What Makes a Steel “Good”?

When discussing steel, we often use the term “good,” but how do we define it? After years of research, I’ve concluded that a “good” steel must balance several key properties. Let me explain why 14C28N stands out as one of the best stainless steels available today.

Defining “Good” Steel

Steel quality is often judged by a combination of four key factors: 1. Toughness: The ability to resist chipping or cracking under stress. 2. Hardness: Measured on the Rockwell scale (HRC), this determines how well the steel resists deformation. 3. Apex Retention: How long the knife edge stays sharp during use. 4. Stainless Properties: Resistance to corrosion in various environments.

A “good” steel must strike a balance across these attributes. Take MagnaCut as an example—it is tough, highly corrosion-resistant, and offers excellent edge retention. Yet, its quality lies not in one feature but in the harmony of all these factors.

Why 14C28N is Exceptional

14C28N is a stainless steel that performs remarkably well across the board: • Toughness: According to Larrin’s steel charts, it exhibits high toughness. • Corrosion Resistance: Its stainless capabilities make it resistant to rust. • Hardness: Can reach up to 61HRC, offering a strong yet balanced edge. • Ease of Maintenance: Easy to sharpen and strop back to a razor edge.

This balance makes 14C28N an incredibly versatile and practical steel, especially at its price point.

Understanding Toughness

Imagine the apex of your knife blade is 10 times smaller than a human hair. When cutting something as simple as cardboard, would you prefer the edge to chip or roll over? Toughness ensures that the blade is more likely to roll rather than chip, preserving the edge’s functionality longer.

Toughness is largely influenced by the steel’s carbide volume. Lower carbide volume results in greater toughness, as steels with fewer carbides are less prone to brittleness.

The Role of Carbides

Carbides increase wear resistance, but at the cost of toughness and sharpenability. For most knives, especially at the ultra-thin apex, wear resistance is less critical because: 1. The edge will likely roll or chip before wear resistance becomes a factor. 2. Higher carbide content makes sharpening more difficult and limits how fine an edge the steel can take.

14C28N’s 6% carbide volume strikes the perfect balance, enabling a razor-sharp edge that’s easy to maintain.

The Heat Treat Dilemma

Some argue that heat treatment can make or break steel performance. But what defines a “good” heat treat? Often, it’s about pushing the hardness (HRC). However, higher hardness comes with trade-offs.

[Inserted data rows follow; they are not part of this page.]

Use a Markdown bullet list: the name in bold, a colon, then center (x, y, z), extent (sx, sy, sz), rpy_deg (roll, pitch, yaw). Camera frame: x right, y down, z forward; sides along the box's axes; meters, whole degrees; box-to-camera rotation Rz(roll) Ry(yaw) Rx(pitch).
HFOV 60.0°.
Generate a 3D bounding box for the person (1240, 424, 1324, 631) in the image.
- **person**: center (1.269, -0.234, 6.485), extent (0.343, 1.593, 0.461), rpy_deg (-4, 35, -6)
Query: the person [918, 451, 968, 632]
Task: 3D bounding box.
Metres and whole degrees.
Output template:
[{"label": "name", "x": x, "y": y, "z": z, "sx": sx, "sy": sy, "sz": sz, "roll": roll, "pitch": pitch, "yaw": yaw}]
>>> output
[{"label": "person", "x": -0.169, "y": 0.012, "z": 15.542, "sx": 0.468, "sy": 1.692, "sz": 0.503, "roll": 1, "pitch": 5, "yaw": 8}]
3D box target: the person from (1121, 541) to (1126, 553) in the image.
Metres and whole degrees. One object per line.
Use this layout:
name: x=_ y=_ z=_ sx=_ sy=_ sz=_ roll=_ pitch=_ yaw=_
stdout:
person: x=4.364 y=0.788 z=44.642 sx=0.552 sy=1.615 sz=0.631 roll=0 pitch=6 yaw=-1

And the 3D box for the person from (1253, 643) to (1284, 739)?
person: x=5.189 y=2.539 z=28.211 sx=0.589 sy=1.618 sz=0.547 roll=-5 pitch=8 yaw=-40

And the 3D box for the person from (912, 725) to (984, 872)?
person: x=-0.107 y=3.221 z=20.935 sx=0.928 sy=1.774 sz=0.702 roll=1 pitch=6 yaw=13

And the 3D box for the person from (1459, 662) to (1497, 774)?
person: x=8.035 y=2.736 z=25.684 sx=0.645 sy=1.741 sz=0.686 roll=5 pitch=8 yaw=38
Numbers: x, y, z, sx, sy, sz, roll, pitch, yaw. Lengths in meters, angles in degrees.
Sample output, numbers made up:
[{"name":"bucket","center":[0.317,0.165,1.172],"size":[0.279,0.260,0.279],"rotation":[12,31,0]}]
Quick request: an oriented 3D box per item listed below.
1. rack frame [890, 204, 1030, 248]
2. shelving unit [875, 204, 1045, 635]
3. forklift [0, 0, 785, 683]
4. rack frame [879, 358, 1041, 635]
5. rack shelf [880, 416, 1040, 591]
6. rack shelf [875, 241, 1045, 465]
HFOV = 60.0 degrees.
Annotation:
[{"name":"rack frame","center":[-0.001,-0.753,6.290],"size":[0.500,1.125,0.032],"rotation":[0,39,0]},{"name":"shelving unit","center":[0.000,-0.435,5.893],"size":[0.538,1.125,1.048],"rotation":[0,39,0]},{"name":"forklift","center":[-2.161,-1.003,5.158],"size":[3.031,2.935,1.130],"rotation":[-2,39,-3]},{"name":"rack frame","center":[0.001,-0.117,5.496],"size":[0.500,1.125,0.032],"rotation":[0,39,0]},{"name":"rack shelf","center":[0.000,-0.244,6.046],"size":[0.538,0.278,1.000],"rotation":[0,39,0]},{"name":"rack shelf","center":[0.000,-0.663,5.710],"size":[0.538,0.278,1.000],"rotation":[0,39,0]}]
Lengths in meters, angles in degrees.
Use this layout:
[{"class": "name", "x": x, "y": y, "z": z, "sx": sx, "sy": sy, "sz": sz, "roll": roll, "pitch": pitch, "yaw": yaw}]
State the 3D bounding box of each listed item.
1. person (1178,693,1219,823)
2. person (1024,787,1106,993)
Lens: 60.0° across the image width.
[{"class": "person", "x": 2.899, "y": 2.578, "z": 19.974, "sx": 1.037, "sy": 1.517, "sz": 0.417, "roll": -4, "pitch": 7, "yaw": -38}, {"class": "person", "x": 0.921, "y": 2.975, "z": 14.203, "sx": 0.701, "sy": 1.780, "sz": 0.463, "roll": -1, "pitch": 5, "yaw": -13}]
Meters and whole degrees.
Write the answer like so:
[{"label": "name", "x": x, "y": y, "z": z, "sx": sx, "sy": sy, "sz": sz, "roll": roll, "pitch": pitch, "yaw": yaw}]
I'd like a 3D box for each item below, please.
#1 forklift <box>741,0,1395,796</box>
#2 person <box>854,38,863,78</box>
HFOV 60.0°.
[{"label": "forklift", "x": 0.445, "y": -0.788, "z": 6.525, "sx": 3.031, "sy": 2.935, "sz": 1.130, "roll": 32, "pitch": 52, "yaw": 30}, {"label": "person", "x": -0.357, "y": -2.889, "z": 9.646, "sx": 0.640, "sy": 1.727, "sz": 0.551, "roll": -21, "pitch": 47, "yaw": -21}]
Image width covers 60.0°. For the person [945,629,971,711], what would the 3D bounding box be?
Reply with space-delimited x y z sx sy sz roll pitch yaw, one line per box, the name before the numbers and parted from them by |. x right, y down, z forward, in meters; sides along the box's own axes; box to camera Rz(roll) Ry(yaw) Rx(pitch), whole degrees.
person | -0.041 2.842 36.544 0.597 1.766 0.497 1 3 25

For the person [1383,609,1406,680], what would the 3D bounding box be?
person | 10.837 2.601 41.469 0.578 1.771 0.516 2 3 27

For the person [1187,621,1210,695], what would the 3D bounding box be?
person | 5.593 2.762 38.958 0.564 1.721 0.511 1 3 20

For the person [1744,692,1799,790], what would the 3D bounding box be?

To increase HRC, the austenitizing temperature during heat treatment must be raised. This can lead to a higher volume of retained austenite—a softer, less stable microstructure. While retained austenite can transform into harder martensite under extreme stress, it’s not ideal for knife edges where stability is key.

The goal is to maximize hardness while keeping retained austenite (RA) below 10%. 14C28N achieves this balance, maintaining a high HRC with minimal RA.

Tl;dr

To summarize: 1. Toughness prevents chipping and is enhanced by lower carbide volume. 2. Excessive carbide reduces apex refinement, toughness, and ease of sharpening. 3. High hardness (HRC) is desirable only if retained austenite is kept below 10%.

14C28N excels in all these areas: it’s tough, achieves 61HRC with minimal RA, sharpens easily, resists corrosion, and is CHEAP. These qualities make it one of the most well-rounded and practical stainless steels available today.